So, I have this pet project where classes Cat and Dog inherit
from the more generic Beast class.

All beasts prosper and multiply and so do cats and dogs. The
breeding routine is fairly constant across species, with minor
variations. So I'd like to define the "breed" method in the Beast
class and overload it in the Cat and Dog classes.

Something like :

Cat rita = new Cat(female);
Cat ringo= new Cat(male);
Cat junior=rita.breed(ringo);

with

Class Cat:Beast{
...
	Cat breed(Cat sire){
  		// do what all beasts do

  		//then add cat-specific genetics
  	}
...
} 	

Now, what I can't seem to figure out is the "// do what all beast
do" part. "this" current object is obviously an instance of the
Cat class. How do I de-specialize it so it can behave as an
instance of the more generic Beast class ? Then, the offspring
will in turn be an instance of Beast : how to cast it as a Cat ?

So far, all I've been able to do is to dance around the issue by
writting ad-hoc constructors like

Beast b=new Beast( someCat )

or

Cat c=new Cat(someBeast)

but this seems awkward and inefficient.

There must be some more clever and straightforward way to do
this, surely ?

Also : D is not my first OO language, but polymorphism and
inheritance still are advanced concepts for me.
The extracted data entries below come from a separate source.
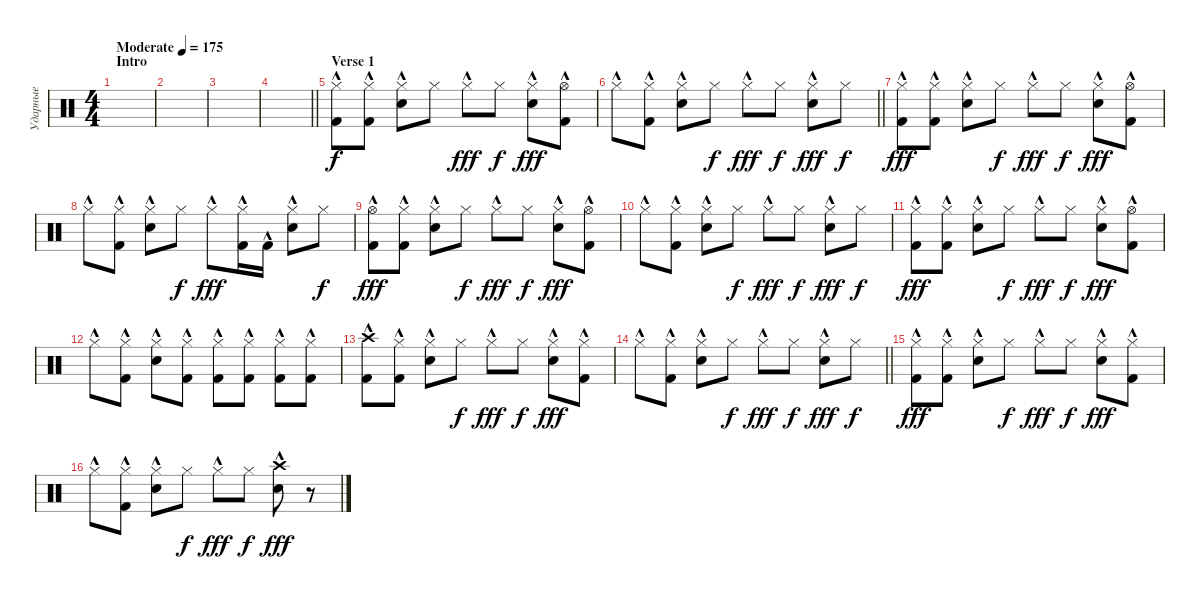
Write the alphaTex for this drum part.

\track ("Ударные" "Ударные") {instrument percussion}
\staff {score}
\articulation defaults
\ts (4 4)
\section ("" "Intro")
\tempo (175 "Moderate")
\clef neutral
\ks c
|
|
|
\barLineRight lightlight
|
\section ("" "Verse 1")
("Hi-Hat (closed)"{hac} "Kick (hit) 2"{hac}).8 ("Hi-Hat (closed)" "Kick (hit) 2"{hac}).8 ("Hi-Hat (closed)"{hac} "Snare (hit) 2"{hac}).8 "Hi-Hat (closed)".8{dy f} "Hi-Hat (closed)"{hac}.8{dy fff} "Hi-Hat (closed)".8{dy f} ("Hi-Hat (closed)"{hac} "Snare (hit) 2"{hac}).8{dy fff} ("Hi-Hat (open)"{hac} "Kick (hit) 2"{hac}).8 |
\barLineRight lightlight "Hi-Hat (closed)"{hac}.8
("Hi-Hat (closed)" "Kick (hit) 2"{hac}).8 ("Hi-Hat (closed)"{hac} "Snare (hit) 2"{hac}).8 "Hi-Hat (closed)".8{dy f} "Hi-Hat (closed)"{hac}.8{dy fff} "Hi-Hat (closed)".8{dy f} ("Hi-Hat (closed)"{hac} "Snare (hit) 2"{hac}).8{dy fff} "Hi-Hat (closed)".8{dy f} |
("Hi-Hat (closed)"{hac} "Kick (hit) 2"{hac}).8{dy fff} ("Hi-Hat (closed)" "Kick (hit) 2"{hac}).8 ("Hi-Hat (closed)"{hac} "Snare (hit) 2"{hac}).8 "Hi-Hat (closed)".8{dy f} "Hi-Hat (closed)"{hac}.8{dy fff} "Hi-Hat (closed)".8{dy f} ("Hi-Hat (closed)"{hac} "Snare (hit) 2"{hac}).8{dy fff} ("Hi-Hat (open)"{hac} "Kick (hit) 2"{hac}).8 |
"Hi-Hat (closed)"{hac}.8 ("Hi-Hat (closed)" "Kick (hit) 2"{hac}).8 ("Hi-Hat (closed)"{hac} "Snare (hit) 2"{hac}).8 "Hi-Hat (closed)".8{dy f} "Hi-Hat (closed)"{hac}.8{dy fff} ("Hi-Hat (closed)" "Kick (hit) 2"{hac}).16 "Kick (hit) 2"{hac}.16 ("Hi-Hat (closed)"{hac} "Snare (hit) 2"{hac}).8 "Hi-Hat (closed)".8{dy f} |
("Hi-Hat (open)"{hac} "Kick (hit) 2"{hac}).8{dy fff} ("Hi-Hat (closed)" "Kick (hit) 2"{hac}).8 ("Hi-Hat (closed)"{hac} "Snare (hit) 2"{hac}).8 "Hi-Hat (closed)".8{dy f} "Hi-Hat (closed)"{hac}.8{dy fff} "Hi-Hat (closed)".8{dy f} ("Hi-Hat (closed)"{hac} "Snare (hit) 2"{hac}).8{dy fff} ("Hi-Hat (open)"{hac} "Kick (hit) 2"{hac}).8 |
"Hi-Hat (closed)"{hac}.8 ("Hi-Hat (closed)" "Kick (hit) 2"{hac}).8 ("Hi-Hat (closed)"{hac} "Snare (hit) 2"{hac}).8 "Hi-Hat (closed)".8{dy f} "Hi-Hat (closed)"{hac}.8{dy fff} "Hi-Hat (closed)".8{dy f} ("Hi-Hat (closed)"{hac} "Snare (hit) 2"{hac}).8{dy fff} "Hi-Hat (closed)".8{dy f} |
("Hi-Hat (closed)"{hac} "Kick (hit) 2"{hac}).8{dy fff} ("Hi-Hat (closed)" "Kick (hit) 2"{hac}).8 ("Hi-Hat (closed)"{hac} "Snare (hit) 2"{hac}).8 "Hi-Hat (closed)".8{dy f} "Hi-Hat (closed)"{hac}.8{dy fff} "Hi-Hat (closed)".8{dy f} ("Hi-Hat (closed)"{hac} "Snare (hit) 2"{hac}).8{dy fff} ("Hi-Hat (open)"{hac} "Kick (hit) 2"{hac}).8 |
"Hi-Hat (closed)"{hac}.8 ("Hi-Hat (closed)" "Kick (hit) 2"{hac}).8 ("Hi-Hat (closed)"{hac} "Snare (hit) 2"{hac}).8 ("Hi-Hat (closed)" "Kick (hit) 2"{hac}).8 ("Hi-Hat (closed)"{hac} "Kick (hit) 2"{hac}).8 ("Hi-Hat (closed)" "Kick (hit) 2"{hac}).8 ("Hi-Hat (closed)"{hac} "Kick (hit) 2"{hac}).8 ("Hi-Hat (closed)" "Kick (hit) 2"{hac}).8 |
("Crash high (hit)"{hac} "Kick (hit) 2"{hac}).8 ("Hi-Hat (closed)" "Kick (hit) 2"{hac}).8 ("Hi-Hat (closed)"{hac} "Snare (hit) 2"{hac}).8 "Hi-Hat (closed)".8{dy f} "Hi-Hat (closed)"{hac}.8{dy fff} "Hi-Hat (closed)".8{dy f} ("Hi-Hat (closed)"{hac} "Snare (hit) 2"{hac}).8{dy fff} ("Hi-Hat (closed)" "Kick (hit) 2"{hac}).8 |
\barLineRight lightlight "Hi-Hat (closed)"{hac}.8
("Hi-Hat (closed)" "Kick (hit) 2"{hac}).8 ("Hi-Hat (closed)"{hac} "Snare (hit) 2"{hac}).8 "Hi-Hat (closed)".8{dy f} "Hi-Hat (closed)"{hac}.8{dy fff} "Hi-Hat (closed)".8{dy f} ("Hi-Hat (closed)"{hac} "Snare (hit) 2"{hac}).8{dy fff} "Hi-Hat (closed)".8{dy f} |
("Hi-Hat (closed)"{hac} "Kick (hit) 2"{hac}).8{dy fff} ("Hi-Hat (closed)" "Kick (hit) 2"{hac}).8 ("Hi-Hat (closed)"{hac} "Snare (hit) 2"{hac}).8 "Hi-Hat (closed)".8{dy f} "Hi-Hat (closed)"{hac}.8{dy fff} "Hi-Hat (closed)".8{dy f} ("Hi-Hat (closed)"{hac} "Snare (hit) 2"{hac}).8{dy fff} ("Hi-Hat (closed)" "Kick (hit) 2"{hac}).8 |
"Hi-Hat (closed)"{hac}.8 ("Hi-Hat (closed)" "Kick (hit) 2"{hac}).8 ("Hi-Hat (closed)"{hac} "Snare (hit) 2"{hac}).8 "Hi-Hat (closed)".8{dy f} "Hi-Hat (closed)"{hac}.8{dy fff} "Hi-Hat (closed)".8{dy f} ("Crash high (hit)"{hac} "Snare (hit) 2"{hac}).8{dy fff} r.8

On Saturday, 20 December 2014 at 15:40:32 UTC, Derix wrote:
> So, I have this pet project where classes Cat and Dog inherit
> from the more generic Beast class.
>
> All beasts prosper and multiply and so do cats and dogs. The
> breeding routine is fairly constant across species, with minor
> variations. So I'd like to define the "breed" method in the Beast
> class and overload it in the Cat and Dog classes.
>
> Something like :
>
> Cat rita = new Cat(female);
> Cat ringo= new Cat(male);
> Cat junior=rita.breed(ringo);
>
> with
>
> Class Cat:Beast{
> ...
> 	Cat breed(Cat sire){
>   		// do what all beasts do
>
>   		//then add cat-specific genetics
>   	}
> ...
> } 	
>
> Now, what I can't seem to figure out is the "// do what all beast
> do" part. "this" current object is obviously an instance of the
> Cat class. How do I de-specialize it so it can behave as an
> instance of the more generic Beast class ? Then, the offspring
> will in turn be an instance of Beast : how to cast it as a Cat ?
>
> So far, all I've been able to do is to dance around the issue by
> writting ad-hoc constructors like
>
> Beast b=new Beast( someCat )
>
> or
>
> Cat c=new Cat(someBeast)
>
> but this seems awkward and inefficient.
>
> There must be some more clever and straightforward way to do
> this, surely ?
>
> Also : D is not my first OO language, but polymorphism and
> inheritance still are advanced concepts for me.

What you do is to implement the "breed" method in Beast class, then override it in both Cat and Dog, but then call "super.breed()" method which belongs to Beast.

On Saturday, 20 December 2014 at 15:40:32 UTC, Derix wrote:
>   		// do what all beasts do

You'll want to call the function in the base class, which is done with the super keyword in D.

I wouldn't make the super function return the new instance though, that can't be as easily customized. I'd separate it into two functions: breed and genetic mix

class Beast {
     // call this on a new zygote
     // it is protected because it doesn't make sense to mix genetics
     // in public
     protected void mixGenetics(Beast mother, Beast father) {
          // modify this to be a combination of generic traits
          // for example
          this.furColor = mother.furColor + father.furColor;
     }
}


Now, make the specific breed functions on the subclasses. I didn't put that in the interface because you typically don't want to substitute parents with generic beasts - cats and dogs can't breed together, but if there was a breed(Beast) function in the base class, that would be permitted. (in OO theory, this is the liskov substitution principle)

class Cat : Beast {
    Cat breed(Cat sire) {
       Cat offspring = new Cat();
       offspring.mixGenetics(this, sire);
       return offspring;
    }

   protected override void mixGenetics(Cat mother, Cat father) {
       super(mother, father); // calls the generic Beast.mixGenetics
       // now we can do cat-specific stuff
       this.pickiness = mother.pickiness * father.pickiness;
   }
}


Dog would look similar to cat.



However, since mixGenetics really only makes sense when making a new Cat, you might want to make it a constructor instead of a method, then follow the same pattern.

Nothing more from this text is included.